Через некоторое время после встречи бывших строителей полевых аэродромов управление гражданской авиации организовало специальный рейс по маршруту бывшего воздушного моста в честь тех, кто в самое тяжелое для Ленинграда время наводил его во имя спасения жизней жителей осажденного города.

В числе участников этого необычного рейса была и представительница стройармейцев Анна Борисовна Григорьева.

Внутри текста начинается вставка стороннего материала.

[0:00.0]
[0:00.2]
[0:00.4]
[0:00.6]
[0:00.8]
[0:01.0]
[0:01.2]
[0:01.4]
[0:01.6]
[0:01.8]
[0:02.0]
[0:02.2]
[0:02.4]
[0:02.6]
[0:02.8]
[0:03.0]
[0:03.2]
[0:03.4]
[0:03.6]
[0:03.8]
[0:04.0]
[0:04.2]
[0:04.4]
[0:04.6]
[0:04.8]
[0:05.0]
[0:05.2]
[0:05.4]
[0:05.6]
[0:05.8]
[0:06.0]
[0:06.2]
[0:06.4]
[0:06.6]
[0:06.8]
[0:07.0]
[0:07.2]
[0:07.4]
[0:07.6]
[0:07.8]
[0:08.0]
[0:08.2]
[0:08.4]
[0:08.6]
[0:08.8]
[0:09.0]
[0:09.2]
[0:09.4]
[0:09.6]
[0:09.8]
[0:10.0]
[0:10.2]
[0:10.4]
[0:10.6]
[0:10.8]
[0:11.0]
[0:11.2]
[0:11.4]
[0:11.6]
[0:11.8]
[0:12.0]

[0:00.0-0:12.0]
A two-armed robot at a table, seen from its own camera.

Самолет шел по курсу транспортных караванов. С волнением смотрели все находившиеся в салоне самолета на проплывавшие внизу поля, леса, воды Ладоги. Бывшие летчики вспоминали, как вели здесь транспортные самолеты. В числе участников этого рейса находились командир транспортного самолета ЛИ-2 М. М. Лобанков, командир полка истребителей сопровождения генерал-майор В. В. Пузейкин, комиссар Особой северной авиагруппы В. П. Легостин, начальник штаба 154-го истребительного авиаполка Н. Ф. Минеев, бортмеханик ЛИ-2 И. П. Здебловский... Анна Борисовна слушала их рассказы и вспоминала о тех днях, когда окоченевшими от холода руками она и ее подруги долбили землю, строили ангары, ровняли взлетно-посадочные полосы, рулежные дорожки, чтобы принимать самолеты со спасительным грузом, которого ждал оказавшийся в беде город.

Об этом рассказала Анна Борисовна в Тихвине, где состоялась встреча участников рейса с молодежью. В актовом зале горкома партии сидели юноши и девушки. Глядя на них, думала Анна Борисовна о том, что тогда — в сорок первом — ей и ее подругам было примерно столько же лет, вспоминала, какие тяжкие испытания легли на плечи юного поколения довоенной поры.

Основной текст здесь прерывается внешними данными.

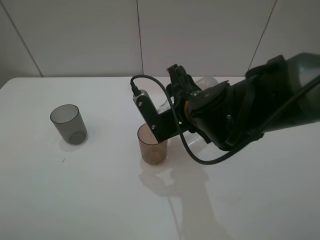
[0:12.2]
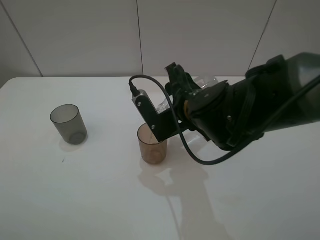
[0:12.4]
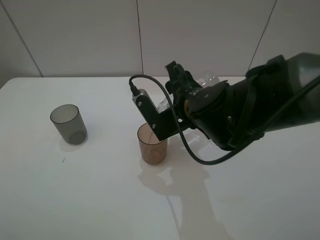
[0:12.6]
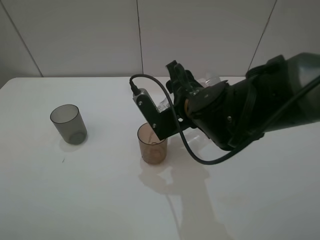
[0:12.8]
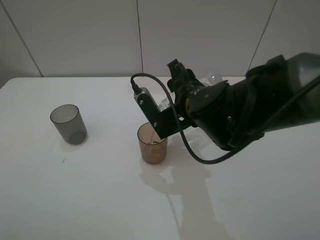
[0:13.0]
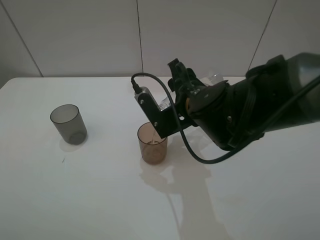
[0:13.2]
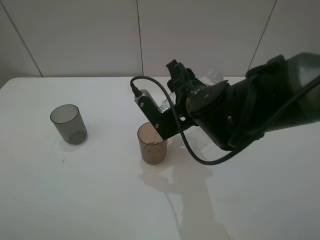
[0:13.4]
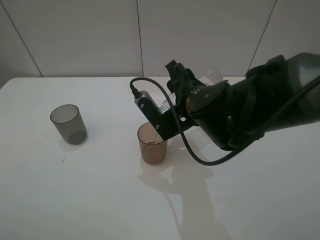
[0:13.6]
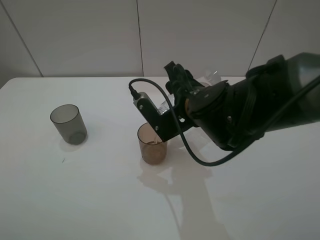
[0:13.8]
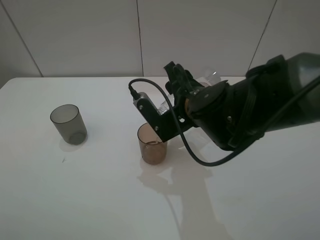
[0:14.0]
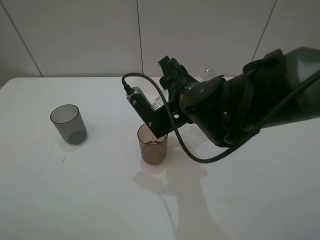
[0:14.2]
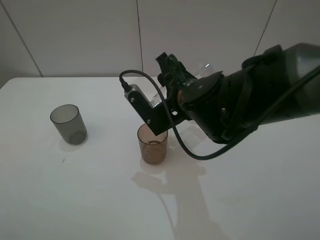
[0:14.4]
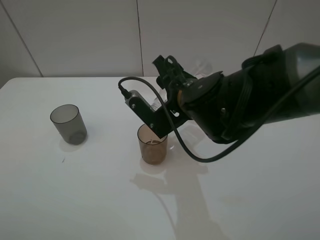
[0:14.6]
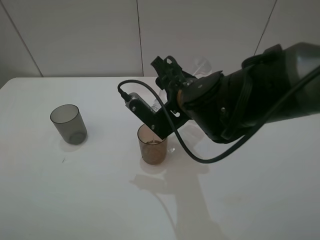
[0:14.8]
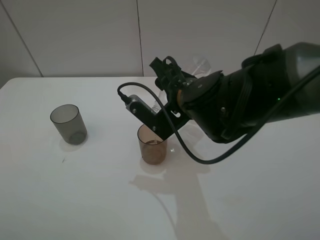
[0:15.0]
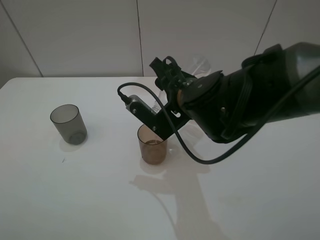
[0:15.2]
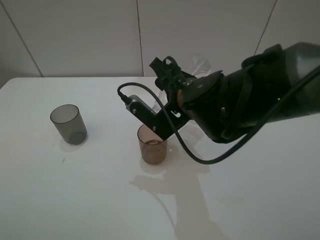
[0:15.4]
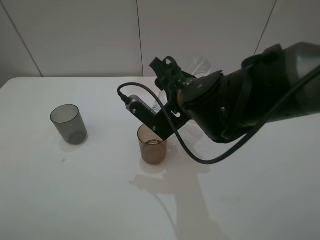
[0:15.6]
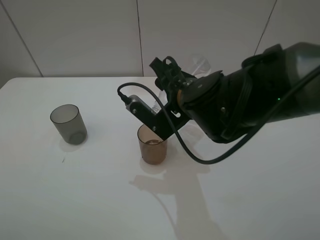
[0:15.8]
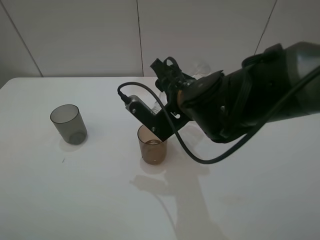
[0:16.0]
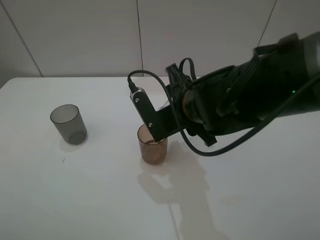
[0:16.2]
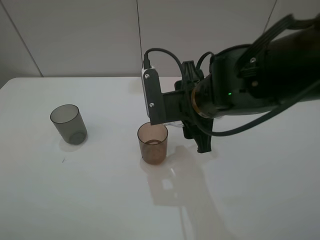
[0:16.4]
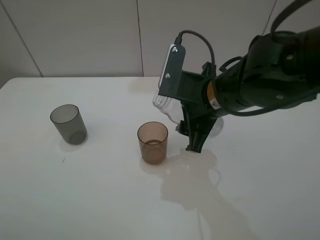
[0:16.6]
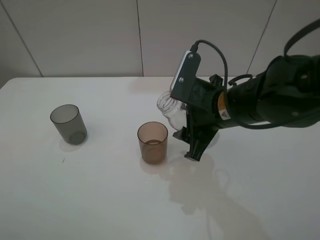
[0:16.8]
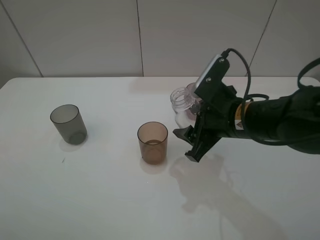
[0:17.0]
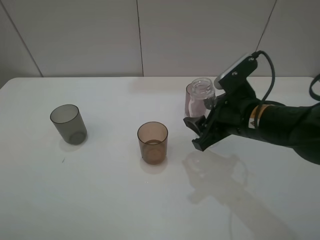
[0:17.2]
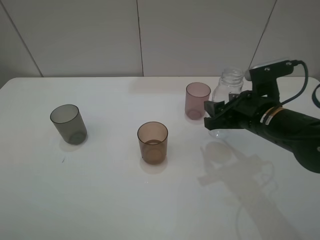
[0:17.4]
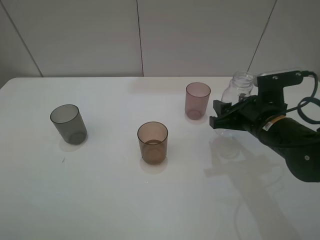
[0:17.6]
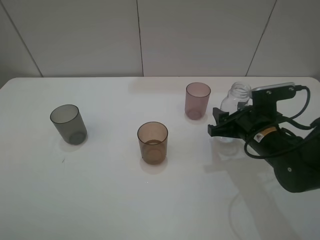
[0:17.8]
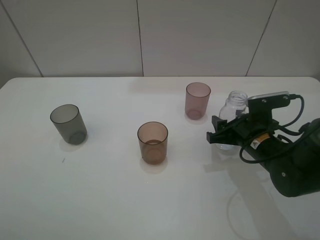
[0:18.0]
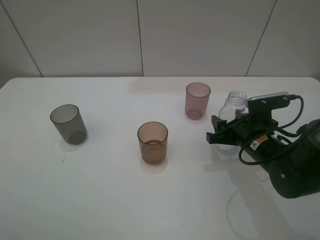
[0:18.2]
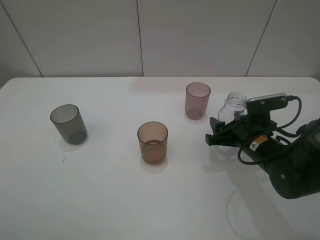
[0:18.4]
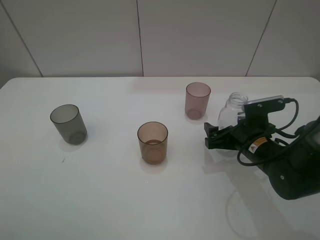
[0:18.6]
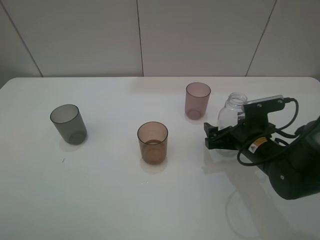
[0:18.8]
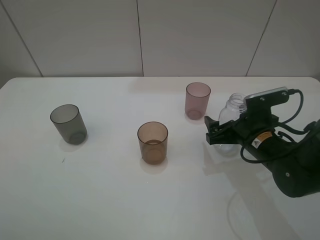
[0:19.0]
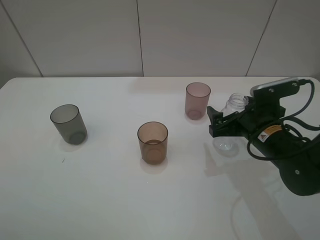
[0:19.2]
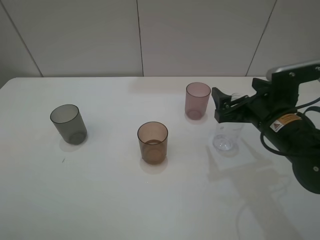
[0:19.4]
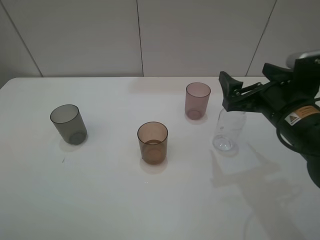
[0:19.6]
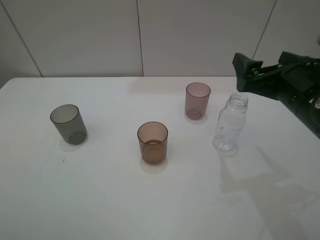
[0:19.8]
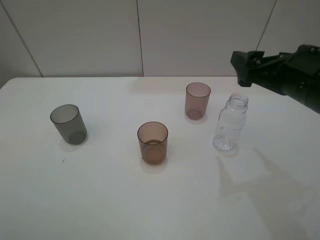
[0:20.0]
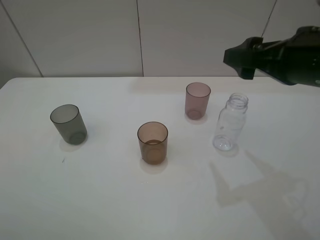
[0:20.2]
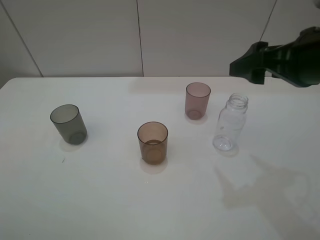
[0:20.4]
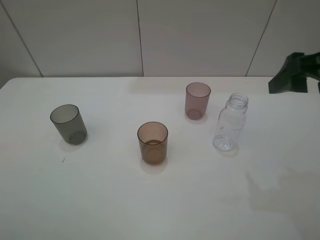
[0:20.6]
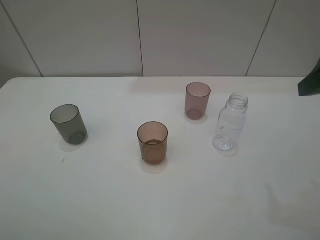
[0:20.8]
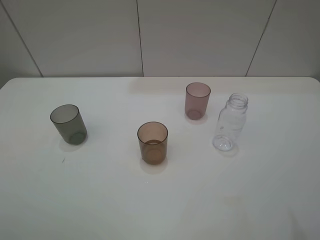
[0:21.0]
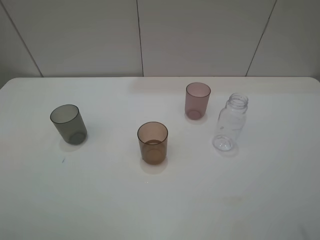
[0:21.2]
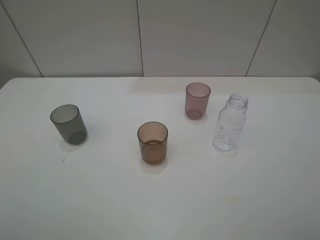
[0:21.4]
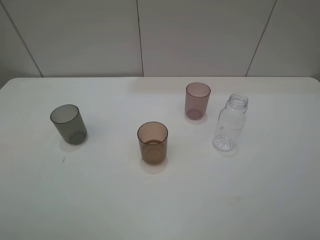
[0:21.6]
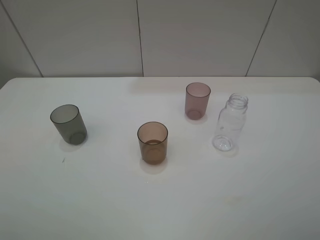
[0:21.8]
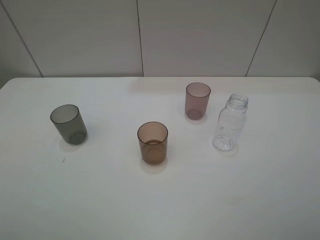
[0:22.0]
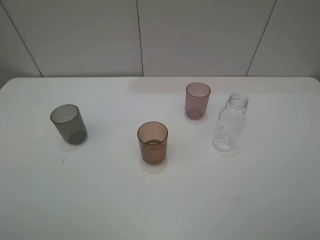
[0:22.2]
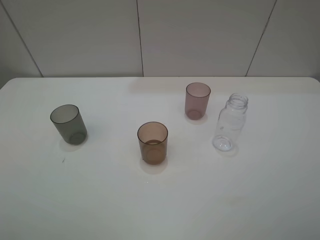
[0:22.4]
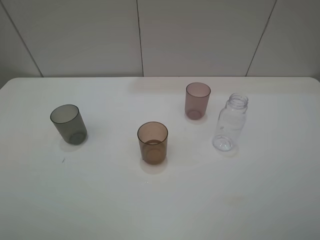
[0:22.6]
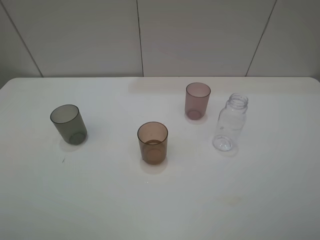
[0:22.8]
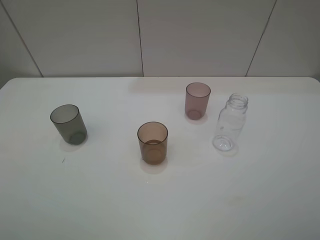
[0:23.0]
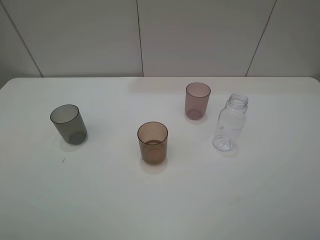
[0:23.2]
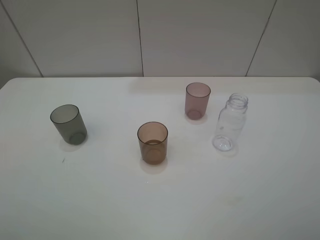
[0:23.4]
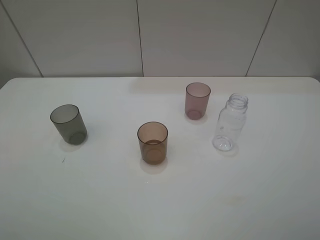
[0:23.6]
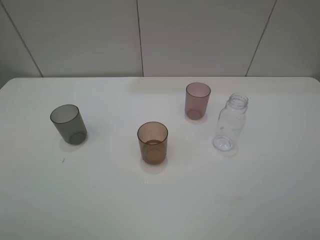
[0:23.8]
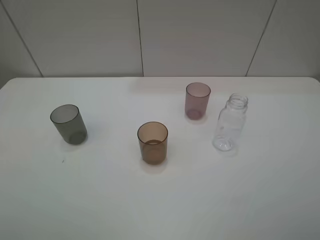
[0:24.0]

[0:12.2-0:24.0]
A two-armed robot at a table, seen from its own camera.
Task of the whole recording: pick up the bottle filled with water and pour water into the middle cup of the three cups.
Step, 0:12.2 to 0:16.4: Pour water from transparent bottle tobrown cup with the right gripper.
Step, 0:16.6 to 0:19.6: Place the transparent bottle with the right gripper.
0:12.2 to 0:15.2: There are only small adjustments of the grippers.
0:16.6 to 0:18.2: The right gripper shifts about 15 cm downward and to the right.
0:18.2 to 0:19.6: The right gripper shifts roughly 10 cm upward, and opens up.
0:19.6 to 0:21.0: The right gripper moves upward, backward and to the right, about 20 cm.

Пусть никогда не доведется молодым испытать того, что пришлось вынести их отцам и матерям в годы войны. Но пусть с честью несут принятую от старших эстафету мужества, умения преодолевать трудности, выходить победителями в самых сложных ситуациях. Это им очень пригодится в жизни, в больших трудовых делах, которыми так богаты наши мирные будни.[104]

И. Елькин

Три пулемета для победы

Эта фотография попала мне в руки через 30 лет после войны, уже репродуцированная, копия. Я храню ее в альбоме со старыми военными карточками, многие из которых уже давно выцвели, пожелтели. А на новой фотографии в старом альбоме — только вода и самолеты да над ними серые облака. Но она неотделима от тех карточек, с которых смотрят на меня знакомые лица друзей. Все в ней для меня имеет особый смысл: самолеты — наши боевые трудяги ПС-84, летят они над Ладогой, летят группой, уверенно, грозно. Когда воздушный караван шел, прижимаясь к ладожской воде, четким строем, готовый в любой момент открыть массированный огонь, вражеские истребители не решались приближаться к нему. В эти дни Ленинград получал замегное пополнение своих продовольственных ресурсов, а летчики благополучно возвращались на свою базу, готовясь к очередным вылетам в Ленинград. Я и время назову, когда мог быть сделан этот снимок: не раньше чем в октябре 1941 года.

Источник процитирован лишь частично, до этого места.